Am I using Embeddings wrong or is it the wrong approach

Hello everyone

My problem is:
I have embeddings for the following data, per line

Core 3 100U
Core 3 100U (with IPU)
Core 5 120U
Core 7 150U
Core i9-14900KS
Core i9-14900
... etc

When I query using 14900 for example I get great similarity readings, but if I pass in a long text with the same information inside “14900” it gets it completely wrong.
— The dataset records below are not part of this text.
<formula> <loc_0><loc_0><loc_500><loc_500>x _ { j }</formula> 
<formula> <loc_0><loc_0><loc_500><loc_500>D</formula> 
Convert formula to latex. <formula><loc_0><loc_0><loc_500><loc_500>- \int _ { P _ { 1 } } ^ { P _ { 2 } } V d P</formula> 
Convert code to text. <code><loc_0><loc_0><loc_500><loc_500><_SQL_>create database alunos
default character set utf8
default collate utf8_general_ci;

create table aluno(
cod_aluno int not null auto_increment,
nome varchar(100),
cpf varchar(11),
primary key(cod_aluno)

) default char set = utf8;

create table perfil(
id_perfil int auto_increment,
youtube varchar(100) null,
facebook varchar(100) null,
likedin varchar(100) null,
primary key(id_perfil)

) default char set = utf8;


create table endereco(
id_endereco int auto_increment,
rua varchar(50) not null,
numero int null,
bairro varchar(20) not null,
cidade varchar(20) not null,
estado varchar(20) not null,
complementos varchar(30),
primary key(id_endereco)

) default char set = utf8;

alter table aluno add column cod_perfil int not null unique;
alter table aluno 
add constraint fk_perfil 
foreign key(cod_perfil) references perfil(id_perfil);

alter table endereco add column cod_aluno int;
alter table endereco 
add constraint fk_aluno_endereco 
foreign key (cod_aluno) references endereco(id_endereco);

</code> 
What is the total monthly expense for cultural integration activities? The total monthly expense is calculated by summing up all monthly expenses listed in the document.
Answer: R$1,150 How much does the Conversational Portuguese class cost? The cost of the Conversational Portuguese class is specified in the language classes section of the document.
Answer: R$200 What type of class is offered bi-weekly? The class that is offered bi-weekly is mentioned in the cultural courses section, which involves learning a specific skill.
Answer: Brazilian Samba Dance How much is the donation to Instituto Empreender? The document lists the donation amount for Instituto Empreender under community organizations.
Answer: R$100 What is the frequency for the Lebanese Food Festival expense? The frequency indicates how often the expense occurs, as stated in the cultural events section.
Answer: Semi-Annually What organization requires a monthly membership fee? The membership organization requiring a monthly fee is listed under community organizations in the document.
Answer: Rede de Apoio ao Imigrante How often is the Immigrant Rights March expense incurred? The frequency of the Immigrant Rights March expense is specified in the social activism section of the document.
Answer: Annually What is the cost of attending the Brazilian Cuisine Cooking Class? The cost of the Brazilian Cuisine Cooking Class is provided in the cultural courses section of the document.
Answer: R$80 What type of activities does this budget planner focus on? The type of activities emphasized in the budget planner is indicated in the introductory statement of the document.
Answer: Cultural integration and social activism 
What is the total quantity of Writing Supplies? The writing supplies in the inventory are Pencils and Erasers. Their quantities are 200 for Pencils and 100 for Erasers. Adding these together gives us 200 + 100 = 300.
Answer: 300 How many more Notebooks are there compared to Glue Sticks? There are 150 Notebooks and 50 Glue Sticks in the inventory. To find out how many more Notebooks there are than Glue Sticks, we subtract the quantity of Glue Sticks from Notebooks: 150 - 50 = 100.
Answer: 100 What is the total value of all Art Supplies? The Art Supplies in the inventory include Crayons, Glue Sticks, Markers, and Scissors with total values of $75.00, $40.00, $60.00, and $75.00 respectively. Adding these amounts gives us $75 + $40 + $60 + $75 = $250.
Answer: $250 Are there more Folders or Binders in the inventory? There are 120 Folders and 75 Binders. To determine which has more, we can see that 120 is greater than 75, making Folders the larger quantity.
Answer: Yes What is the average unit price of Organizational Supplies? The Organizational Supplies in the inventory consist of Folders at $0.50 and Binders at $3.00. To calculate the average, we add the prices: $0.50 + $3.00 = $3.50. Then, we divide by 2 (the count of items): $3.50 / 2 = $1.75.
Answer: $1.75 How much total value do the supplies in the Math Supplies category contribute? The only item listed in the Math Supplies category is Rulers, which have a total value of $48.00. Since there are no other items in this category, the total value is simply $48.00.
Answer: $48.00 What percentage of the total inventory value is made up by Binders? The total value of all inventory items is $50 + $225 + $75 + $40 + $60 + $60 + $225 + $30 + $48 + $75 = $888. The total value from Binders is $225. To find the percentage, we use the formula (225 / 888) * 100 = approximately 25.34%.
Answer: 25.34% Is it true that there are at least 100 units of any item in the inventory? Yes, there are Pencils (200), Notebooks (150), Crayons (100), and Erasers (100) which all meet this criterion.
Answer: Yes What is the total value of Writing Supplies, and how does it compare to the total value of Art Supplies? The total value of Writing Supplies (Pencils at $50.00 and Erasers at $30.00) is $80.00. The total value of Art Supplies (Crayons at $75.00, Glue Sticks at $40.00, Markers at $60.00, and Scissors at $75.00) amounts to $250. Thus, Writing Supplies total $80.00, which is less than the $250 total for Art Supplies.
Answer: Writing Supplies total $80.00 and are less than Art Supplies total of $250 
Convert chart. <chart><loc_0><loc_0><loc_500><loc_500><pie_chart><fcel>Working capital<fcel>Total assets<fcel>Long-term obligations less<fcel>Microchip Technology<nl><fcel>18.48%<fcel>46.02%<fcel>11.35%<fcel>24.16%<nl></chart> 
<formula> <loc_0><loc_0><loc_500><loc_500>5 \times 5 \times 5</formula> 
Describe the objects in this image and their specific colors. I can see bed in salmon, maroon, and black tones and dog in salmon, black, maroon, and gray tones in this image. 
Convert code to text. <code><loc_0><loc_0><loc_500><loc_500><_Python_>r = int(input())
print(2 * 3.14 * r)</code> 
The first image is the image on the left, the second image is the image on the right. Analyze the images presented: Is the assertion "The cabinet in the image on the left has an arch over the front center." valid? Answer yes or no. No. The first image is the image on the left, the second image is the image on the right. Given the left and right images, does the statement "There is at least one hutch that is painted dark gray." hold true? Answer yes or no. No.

Is there something wrong with my understanding of how embeddings work. Do I have to split the query somehow to make it work for such a case.

query sample:
Windows 11 Home 64-bitIntel Core i7-1260P Prozessor Dodeca-Core 2,10

This is what I get as an result:

 {
    "similarity": 0.8905724048320375,
    "cpu": "Core i5-5287U"
  },
  {
    "similarity": 0.8909236816567425,
    "cpu": "Core i5-1135G7 (with IPU)"
  }

I am using Supabase/gte-small with transformer.js and the cosine similarity from ml-distance.

Would be great if anyone could help me with this or direct me in the right direction.

thanks a lot

Well found the solution in the end.

I just use the FlagEmbedding library from python with a given example from a huggingface model.

This topic was automatically closed 12 hours after the last reply. New replies are no longer allowed.